The right tool, the right approach, for video
Chuck Fadely, who shoots video for the Miami Herald, posted a long rant about boneheaded attitudes toward video:
The internet audience is growing and you want your staff — from the janitor all the way up to the M.E. — to contribute to the web product. Video! Let’s do lots of video! There was some guy at the publisher’s association meeting who said all you need is a point-n-shoot; let’s get ‘em for everyone. How ’bout the photogs? Nahhh, they care about silly quality…. we won’t ask them about doing video… We’ll get the web people and reporters to do video.
So the reporters start doing video. All of a sudden the story they used to be able to write blindfolded, in five minutes while doing the office football pool, takes ‘em six hours of work to get the video into their computers, figure out why Movie Maker keeps crashing — I’ve got 128 megs of ram, fer krissake! — and finally re-compress the file into the right size on the third try.
Now, to be fair about this, Chuck is a newspaper photographer. And he’s got a lot of experience, so you ought to listen to what he says. But he’s also lumping all those reporters who shoot video into one mushy basket. And that’s NOT fair.
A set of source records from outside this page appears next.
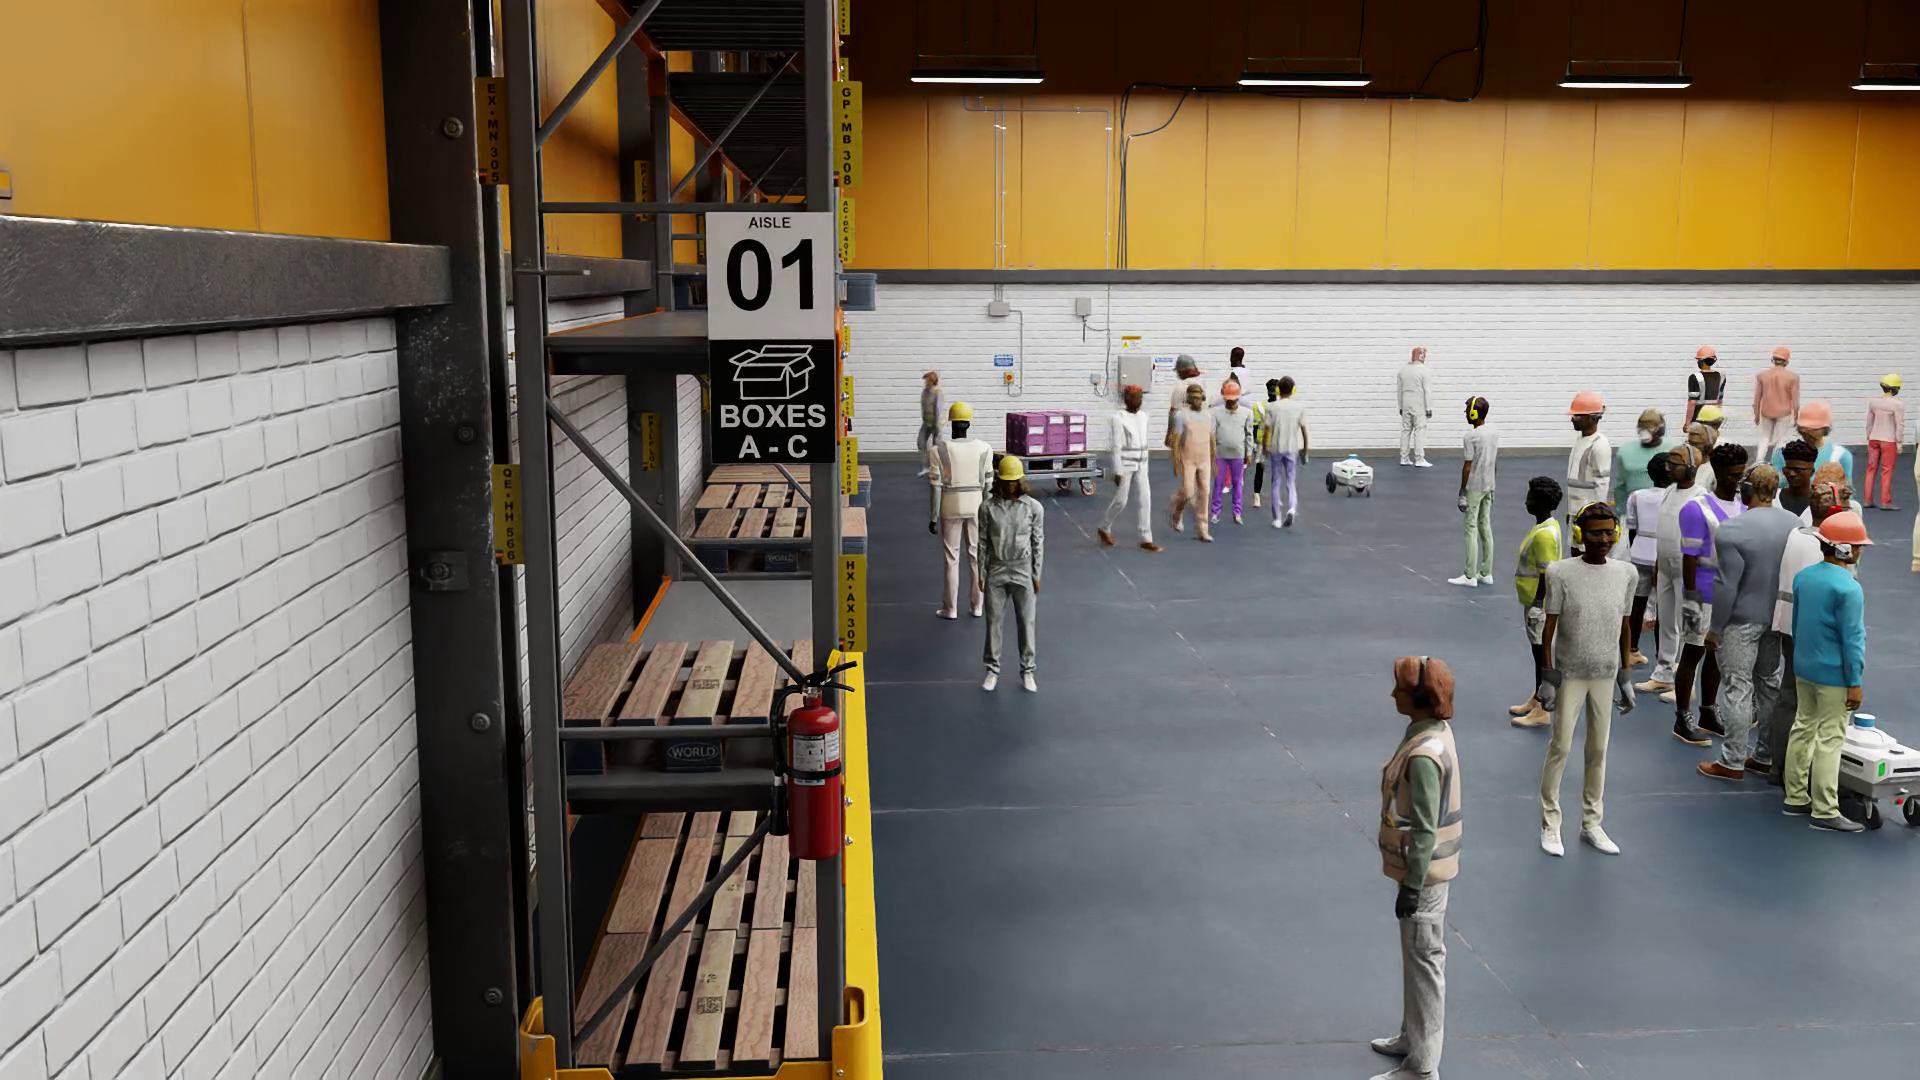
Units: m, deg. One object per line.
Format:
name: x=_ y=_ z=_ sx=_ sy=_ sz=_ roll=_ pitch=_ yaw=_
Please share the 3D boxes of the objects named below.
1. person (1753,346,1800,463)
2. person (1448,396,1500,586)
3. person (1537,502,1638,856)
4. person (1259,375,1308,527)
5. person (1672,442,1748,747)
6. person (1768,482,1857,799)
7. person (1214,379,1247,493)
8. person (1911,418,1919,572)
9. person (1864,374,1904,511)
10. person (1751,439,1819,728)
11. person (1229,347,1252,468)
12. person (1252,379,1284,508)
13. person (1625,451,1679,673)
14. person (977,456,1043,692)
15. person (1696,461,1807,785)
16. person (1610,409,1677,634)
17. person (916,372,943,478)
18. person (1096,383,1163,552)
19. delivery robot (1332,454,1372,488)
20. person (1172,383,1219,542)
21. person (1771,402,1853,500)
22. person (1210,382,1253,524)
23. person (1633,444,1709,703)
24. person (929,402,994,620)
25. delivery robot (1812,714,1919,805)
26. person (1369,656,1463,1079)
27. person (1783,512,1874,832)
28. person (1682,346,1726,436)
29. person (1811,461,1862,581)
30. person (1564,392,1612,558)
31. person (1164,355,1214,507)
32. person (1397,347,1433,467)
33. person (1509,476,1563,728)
person: x=12.187 y=-1.893 z=24.819 sx=0.457 sy=1.980 sz=0.623 roll=-8 pitch=12 yaw=-43
person: x=5.048 y=-0.472 z=16.261 sx=0.511 sy=1.860 sz=0.332 roll=-7 pitch=11 yaw=-35
person: x=3.284 y=0.724 z=8.707 sx=0.512 sy=1.872 sz=0.328 roll=-1 pitch=9 yaw=-4
person: x=3.876 y=-1.040 z=19.872 sx=0.579 sy=1.845 sz=0.542 roll=1 pitch=9 yaw=6
person: x=4.903 y=0.344 z=10.789 sx=0.600 sy=1.967 sz=0.369 roll=-5 pitch=10 yaw=-27
person: x=4.964 y=0.579 z=9.697 sx=0.375 sy=1.841 sz=0.575 roll=-2 pitch=9 yaw=-11
person: x=3.820 y=-1.480 z=23.419 sx=0.510 sy=1.595 sz=0.835 roll=6 pitch=11 yaw=35
person: x=9.931 y=-0.639 z=16.729 sx=0.535 sy=2.000 sz=0.686 roll=0 pitch=9 yaw=-2
person: x=11.972 y=-1.266 z=21.522 sx=0.328 sy=1.769 sz=0.526 roll=-3 pitch=10 yaw=-19
person: x=5.501 y=0.308 z=11.018 sx=0.602 sy=1.966 sz=0.368 roll=8 pitch=12 yaw=40
person: x=4.359 y=-2.052 z=25.986 sx=0.374 sy=1.917 sz=0.596 roll=5 pitch=10 yaw=26
person: x=4.056 y=-1.259 z=21.697 sx=0.532 sy=1.697 sz=0.322 roll=0 pitch=9 yaw=-3
person: x=5.337 y=0.170 z=12.730 sx=0.318 sy=1.697 sz=0.535 roll=-5 pitch=11 yaw=-31
person: x=0.361 y=0.250 z=12.106 sx=0.485 sy=1.736 sz=0.325 roll=1 pitch=9 yaw=4
person: x=4.720 y=0.494 z=9.935 sx=0.632 sy=1.940 sz=0.372 roll=-3 pitch=10 yaw=-21
person: x=5.756 y=-0.148 z=14.004 sx=0.546 sy=1.917 sz=0.659 roll=-8 pitch=12 yaw=-40
person: x=-0.413 y=-1.710 z=24.800 sx=0.431 sy=1.603 sz=0.521 roll=-8 pitch=12 yaw=-41
person: x=1.859 y=-0.808 z=18.381 sx=0.586 sy=1.858 sz=0.857 roll=-7 pitch=12 yaw=-39
delivery robot: x=5.417 y=-0.939 z=22.967 sx=0.477 sy=0.478 sz=0.707 roll=-1 pitch=9 yaw=-9
person: x=2.664 y=-0.893 z=19.016 sx=0.539 sy=1.820 sz=0.569 roll=-3 pitch=10 yaw=-19
person: x=6.887 y=-0.125 z=13.645 sx=1.025 sy=1.987 sz=0.641 roll=-8 pitch=12 yaw=-42
person: x=3.296 y=-1.065 z=20.329 sx=0.560 sy=1.742 sz=0.340 roll=1 pitch=9 yaw=9
person: x=5.112 y=0.236 z=11.849 sx=0.346 sy=1.846 sz=0.506 roll=-2 pitch=9 yaw=-12
person: x=0.002 y=-0.255 z=14.670 sx=0.590 sy=1.927 sz=0.367 roll=-3 pitch=10 yaw=-20
delivery robot: x=5.084 y=1.226 z=9.378 sx=0.477 sy=0.478 sz=0.707 roll=-2 pitch=9 yaw=-11
person: x=1.713 y=1.235 z=6.219 sx=0.307 sy=1.640 sz=0.518 roll=3 pitch=9 yaw=16
person: x=4.787 y=0.712 z=9.141 sx=0.329 sy=1.752 sz=0.563 roll=-1 pitch=9 yaw=-4
person: x=10.475 y=-1.717 z=23.492 sx=0.608 sy=2.044 sz=0.377 roll=-3 pitch=10 yaw=-20
person: x=6.565 y=0.213 z=12.655 sx=0.501 sy=1.633 sz=0.279 roll=7 pitch=11 yaw=36
person: x=5.353 y=-0.256 z=14.319 sx=0.377 sy=2.041 sz=0.615 roll=0 pitch=9 yaw=1
person: x=2.939 y=-1.465 z=21.913 sx=0.721 sy=2.000 sz=0.740 roll=-8 pitch=12 yaw=-42
person: x=7.244 y=-2.108 z=26.396 sx=0.403 sy=1.901 sz=0.637 roll=-6 pitch=11 yaw=-34
person: x=3.896 y=0.415 z=11.193 sx=0.319 sy=1.696 sz=0.532 roll=3 pitch=9 yaw=17
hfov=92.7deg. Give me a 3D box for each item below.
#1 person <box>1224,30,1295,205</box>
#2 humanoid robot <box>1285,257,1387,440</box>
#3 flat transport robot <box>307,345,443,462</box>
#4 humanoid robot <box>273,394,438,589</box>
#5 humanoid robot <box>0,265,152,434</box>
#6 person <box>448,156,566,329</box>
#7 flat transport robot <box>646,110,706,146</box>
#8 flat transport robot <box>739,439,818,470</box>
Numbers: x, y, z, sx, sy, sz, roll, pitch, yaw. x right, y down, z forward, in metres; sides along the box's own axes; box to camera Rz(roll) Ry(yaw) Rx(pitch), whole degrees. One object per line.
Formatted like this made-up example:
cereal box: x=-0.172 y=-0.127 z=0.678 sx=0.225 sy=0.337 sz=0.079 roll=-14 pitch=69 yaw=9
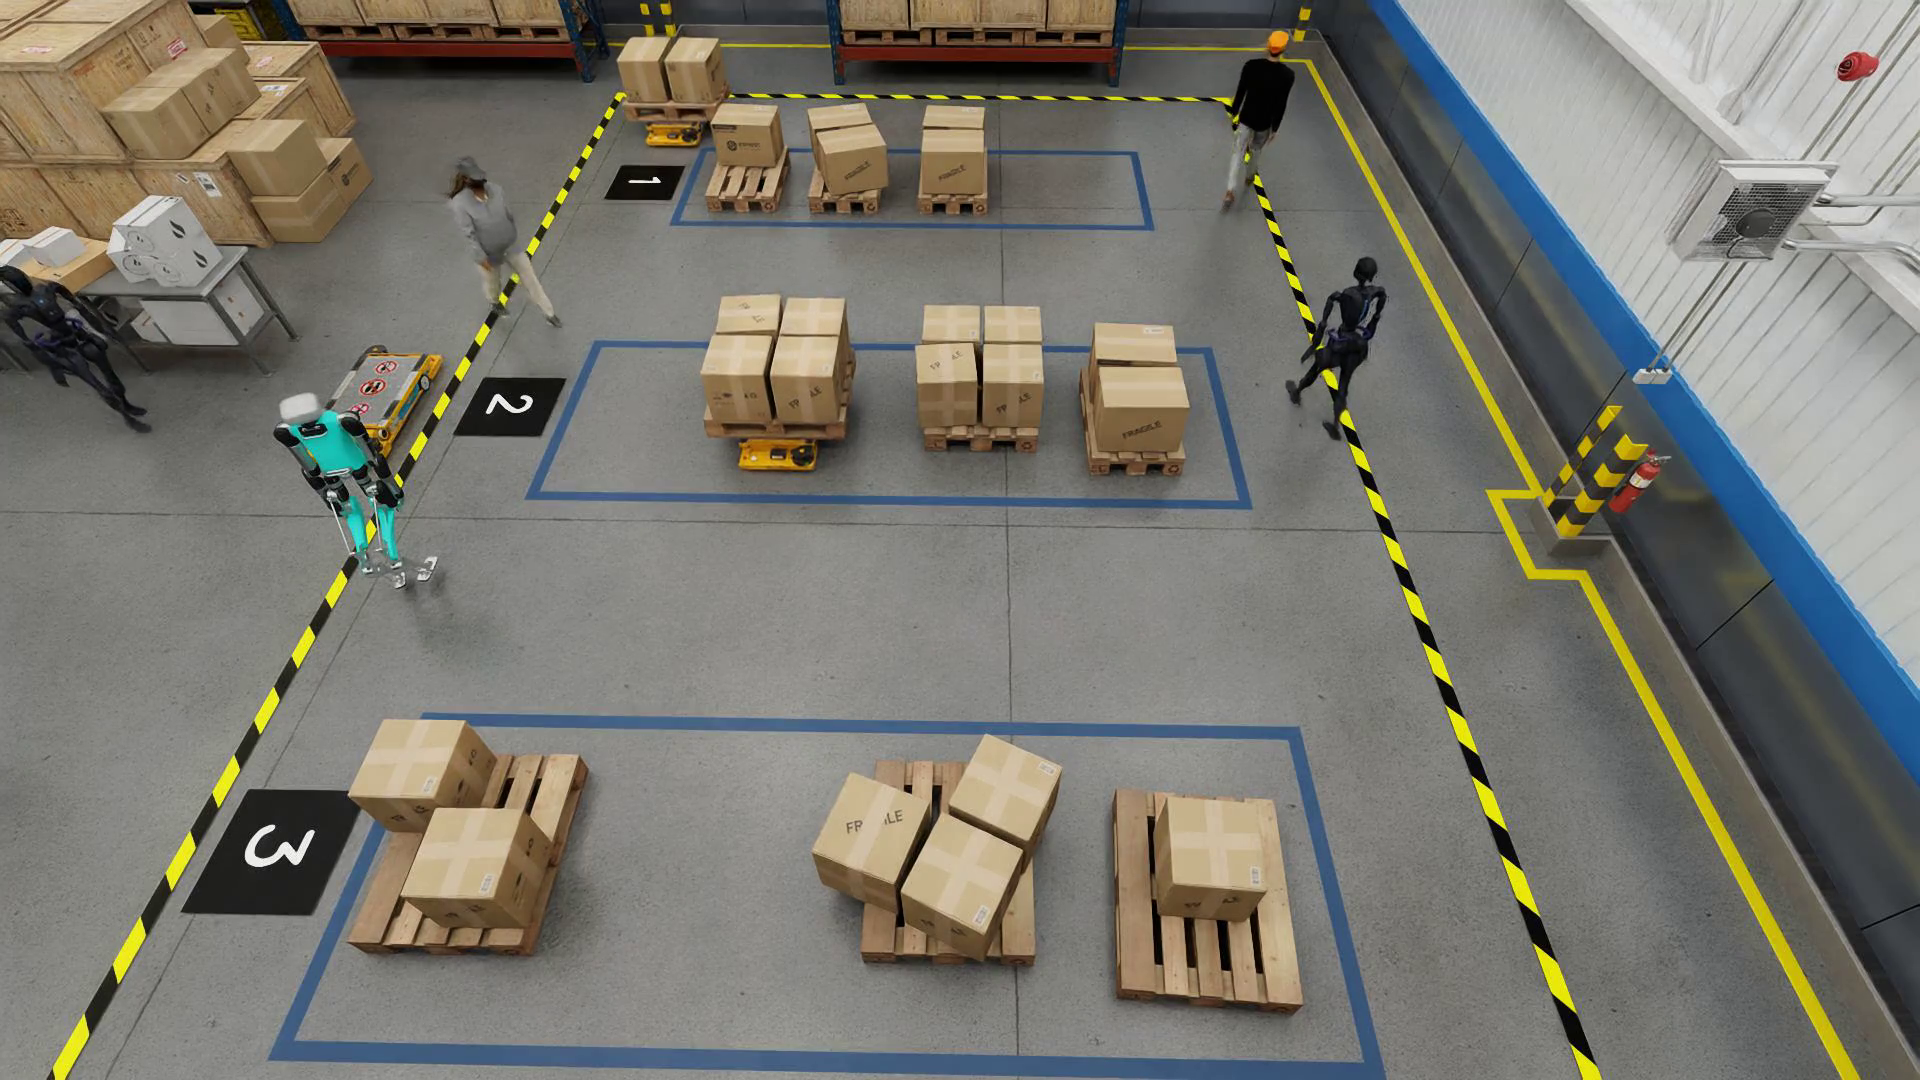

The truth here is that video has a heck of a lot of facets. It’s like TV — you gotcher Planet Earth (pure awesomeness) on one channel, and on another channel, you have Cops, from that bastion of quality journalism, Fox.
Newspaper publishers, editors and owners who think video online has one easy solution are totally kidding themselves. Wishful thinking — that’s all it is. And simplistic. Fatally simplistic.
It’s exactly the same mistake so many newspapers made on the Internet when they started out, whether that was in 1993 or 2003. Looking for a cheap fix, a turnkey solution, listening to some consultant who’s just blowing smoke out of a place far south of his mouth.
Link via Angela Grant at News Videographer.
Technorati tags: video | storytelling | reporting | newspapers | journalism | online journalism | online media


I agree with Chuck when I’m thinking about the types of videos that I produce at work.
But for reporters who are shooting companion clips that complement their stories … They still need good training, but I think they should skip the $10,000 in equipment.
June 20, 2007 at 11:07 pmThanks for the plug.
I want to make clear that I’m not advocating expensive equipment for casual use by reporters.
I’m advocating something even more radical: expensive employees who know what they’re doing.
And if a paper is going to devote an employee’s time to doing video, the additional cost of semi-professional gear is a minor issue.
With increasing bandwidth and more living room appliances like AppleTV, quality will become increasingly important. Already YouTube and other online portals are making efforts to increase the quality of content because that’s what consumers want.
Quality is irrelevant when novelty is the driving force. But for long-term, repeat audiences we have to do better than most papers are now. That doesn’t mean doing TV. That means doing story-telling.
June 21, 2007 at 1:07 amGood points, Chuck. I have found that some people — and here I am really thinking of the longtime TV news people — think it’s not even worth it to try shooting video (or doing audio) with anything less than the high-end gear.
I butted heads over that attitude for years at my university because the TV and radio faculty were shocked, shocked, that I would even consider teaching students to use any equipment that was not “broadcast quality.” The result of such an attitude is that no gear is purchased, and people do not learn the techniques, and the organization suffers.
In my post about Jerry Wolford’s Ku Klux Klan story, I repeated his hope that someday he’ll get “a real camera.” But in my opinion, the footage he shot with a $1,500 Sony HDR-SR1 looks absolutely great.
I hear you about the living room devices, though. I don’t know if Jerry’s video would look good on my big TV. Maybe not!